Екатерина охладела к Потёмкину. Князь, так много сделавший для обустройства южных земель, гордо отмалчивался. Они почти не разговаривали и редко встречались, однако его опалу преувеличивали. Даже в высшей точке этого конфликта, в конце мая, Екатерина сказала своему новому секретарю Александру Храповицкому: «Князь Потёмкин глядит волком и за то не очень любим, но имеет хорошую душу… сам первый станет просить против своего недруга» [52]. И всё же придворные почуяли запах крови. Его передние опустели. «Все стали от него удаляться, – вспоминал Сегюр. – Что касается до меня, то я нарочно стал чаще навещать его и оказывать ему своё внимание. Мы видались почти ежедневно». Со стороны Сегюра это было не просто проявление дружбы, так как он догадывался, что отношения князя и императрицы основаны на некой тайной и невидимой связи. Тем не менее петля как будто затягивалась. Сегюр умолял его быть осторожнее. «Как! И вы тоже хотите, – отвечал Потёмкин, – чтобы я склонился на постыдную уступку и стерпел обидную несправедливость после всех моих заслуг? Говорят, что я себе врежу́; я это знаю, но это ложно. Будьте покойны, не мальчишке свергнуть меня!»

«Берегитесь!» – снова предупредил его Сегюр.

«Мне приятна ваша приязнь, – отвечал ему князь. – Но я слишком презираю врагов своих, чтобы их бояться» [53].

Семнадцатого июня императрица, великий князь, Потёмкин, Ермолов и Сегюр переехали из Царского Села в Пеллу. На следующий день Екатерина посетила близлежащий дворец Потёмкина в Островках – ещё одно свидетельство того, что положение Потёмкина не было столь катастрофическим, как утверждали слухи. По возвращении в Царское Село Потёмкин присутствовал на всех обедах у Екатерины в течение трёх дней. Заговорщики предположительно в это время убеждали её дать ход их улике. Потёмкин даже в залитом солнцем Екатерининском дворце хранил ледяное молчание.

На следующий день он без единого слова покинул двор и отправился в Нарву, город у Балтийского моря. Вернувшись в столицу, он обосновался у обер-шталмейстера Нарышкина, где занимался только тем, «как бы веселиться и рассеяться». «Враги запели победную песнь». Екатерина – видимо, привыкшая к приступам мрачности Потёмкина, – ничего не предпринимала. Но когда он не появился 28 июня, в годовщину её восхождения на трон, она определённо поняла, что этот искусный политик вызывает её на раскрытие карт.

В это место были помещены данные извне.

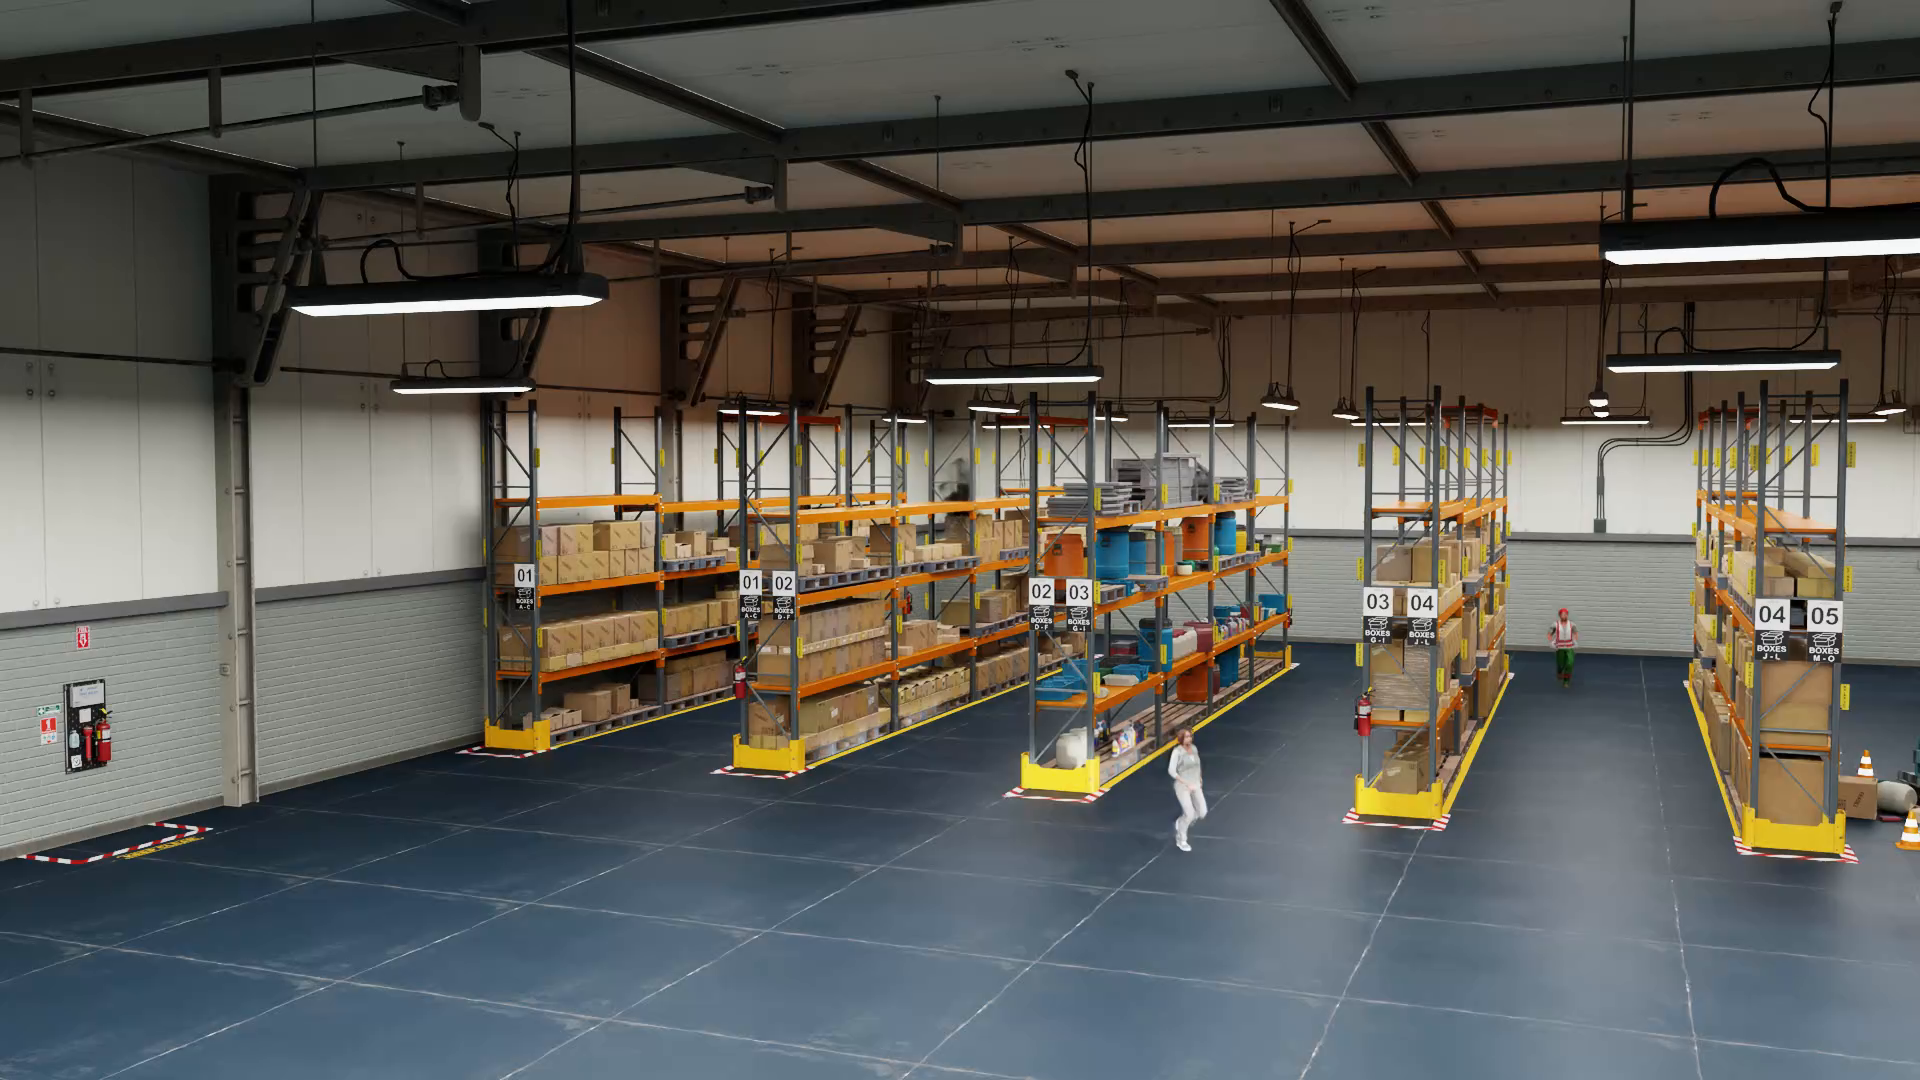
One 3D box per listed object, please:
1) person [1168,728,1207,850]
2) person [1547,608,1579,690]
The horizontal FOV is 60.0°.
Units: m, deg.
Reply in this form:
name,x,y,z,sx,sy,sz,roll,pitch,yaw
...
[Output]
name,x,y,z,sx,sy,sz,roll,pitch,yaw
person,2.914,3.182,21.240,0.548,1.559,0.484,-2,3,-33
person,13.146,2.357,36.233,0.660,1.744,0.740,0,3,9
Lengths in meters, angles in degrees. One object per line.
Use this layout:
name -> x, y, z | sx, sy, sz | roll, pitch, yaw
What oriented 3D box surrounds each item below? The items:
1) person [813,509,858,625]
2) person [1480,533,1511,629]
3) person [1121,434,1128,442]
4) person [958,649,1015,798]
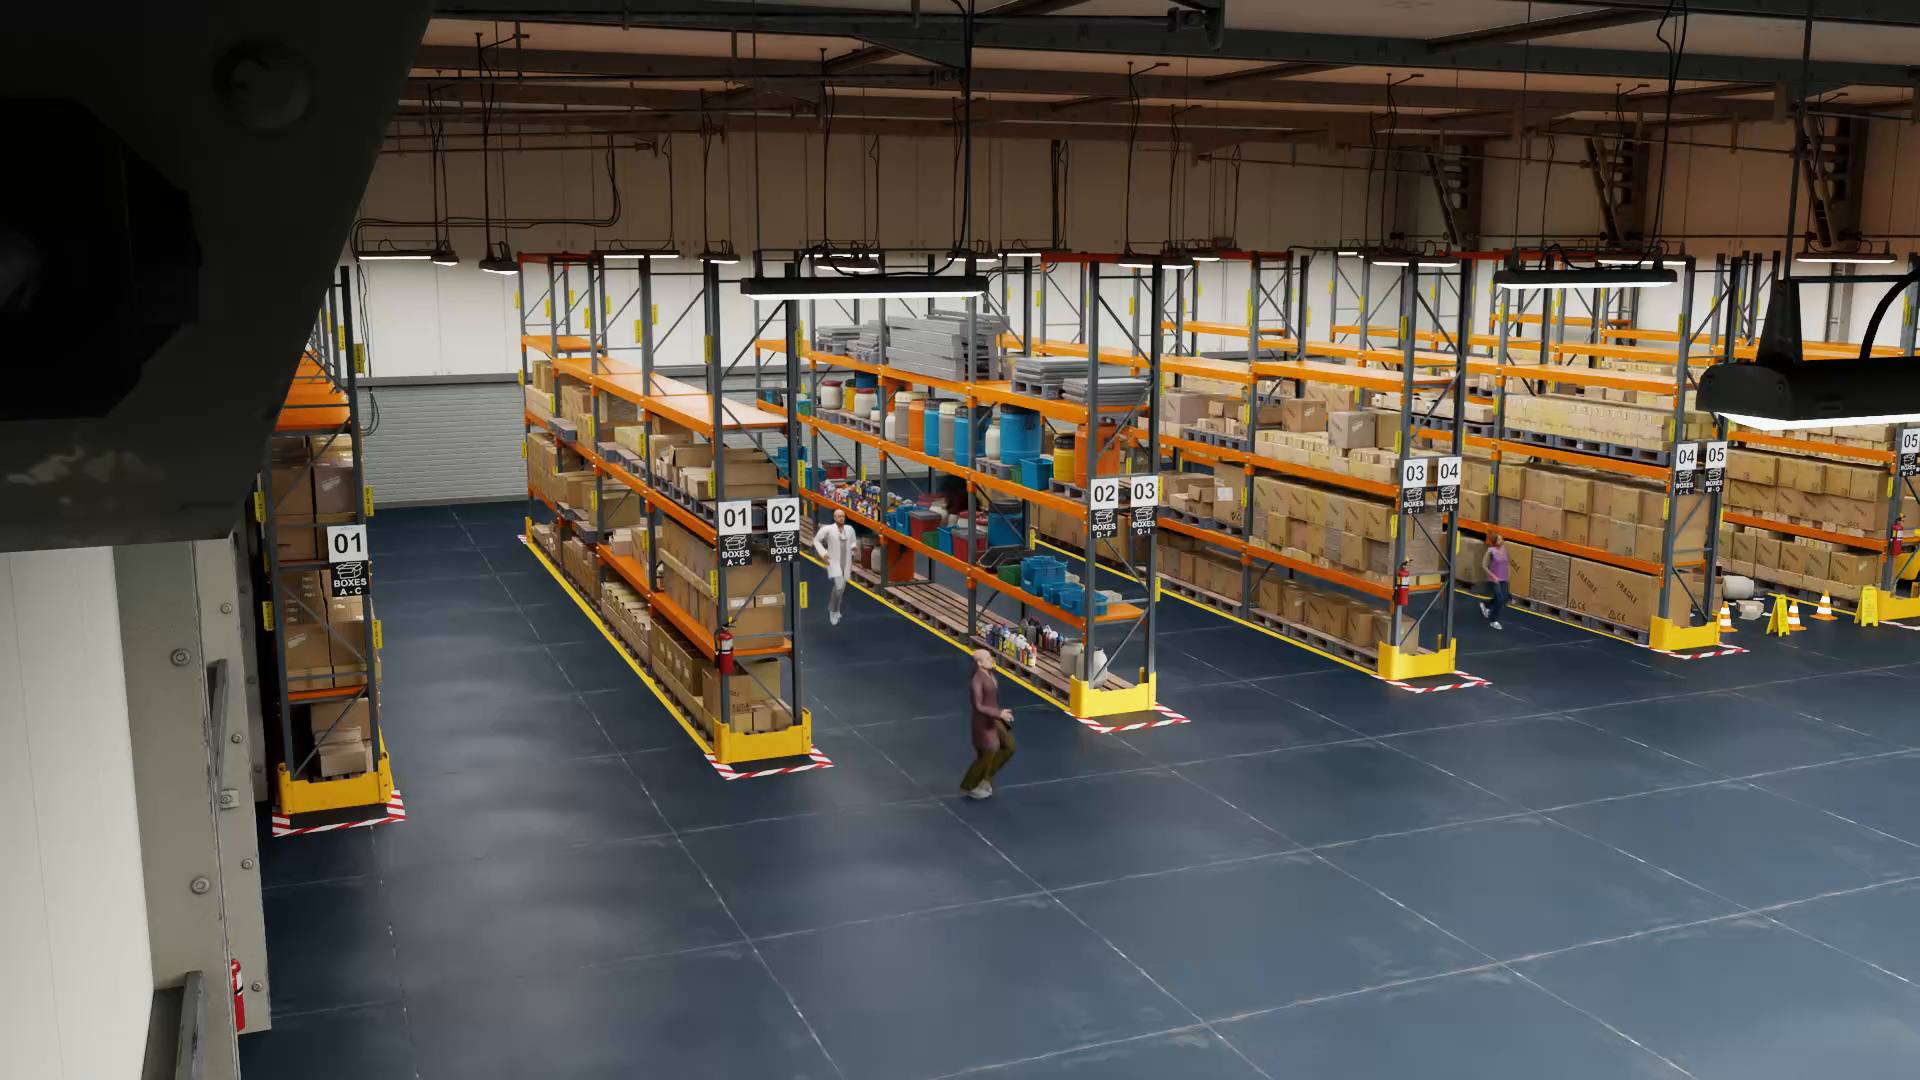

«Я крайне беспокойна, здоровы ли Вы? – написала она Потёмкину по секрету, отвечая на его вызов. – Столько дней от тебя ни духа, ни слуха нету» [54]. Эта тёплая записка была одним из таких знаков, которые он прекрасно понимал. Ему оставалось только подождать ещё несколько дней.

После этого он внезапно появился при дворе – призрак Банко, оказавшийся вовсе не призраком. Князь предположительно ворвался в «ярости» [55] прямо в будуар императрицы и выкрикнул что-то вроде следующего: «Я пришёл, государыня, чтобы сообщить вашему величеству, что вашему величеству следует немедленно сделать выбор между Ермоловым и мной, и один из нас должен сей же день покинуть ваш двор. Пока вы держите при себе этого Белого негра, ноги моей не будет во дворце» [56]. С этими словами он хлопнул дверью и уехал из Царского Села.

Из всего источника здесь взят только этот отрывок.